> **Problem to solve**
Below is a set of records; reproduce them exactly without their pictures.

Collected data entries:
* * * * * * * * *

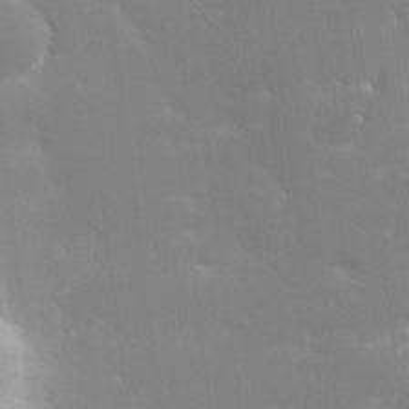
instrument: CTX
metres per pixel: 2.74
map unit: lHvf
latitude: 24.6301
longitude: 141.1998

* * * * * * * * *

> **Written answer**
instrument: CTX
metres per pixel: 2.74
map unit: lHvf
latitude: 24.6301
longitude: 141.1998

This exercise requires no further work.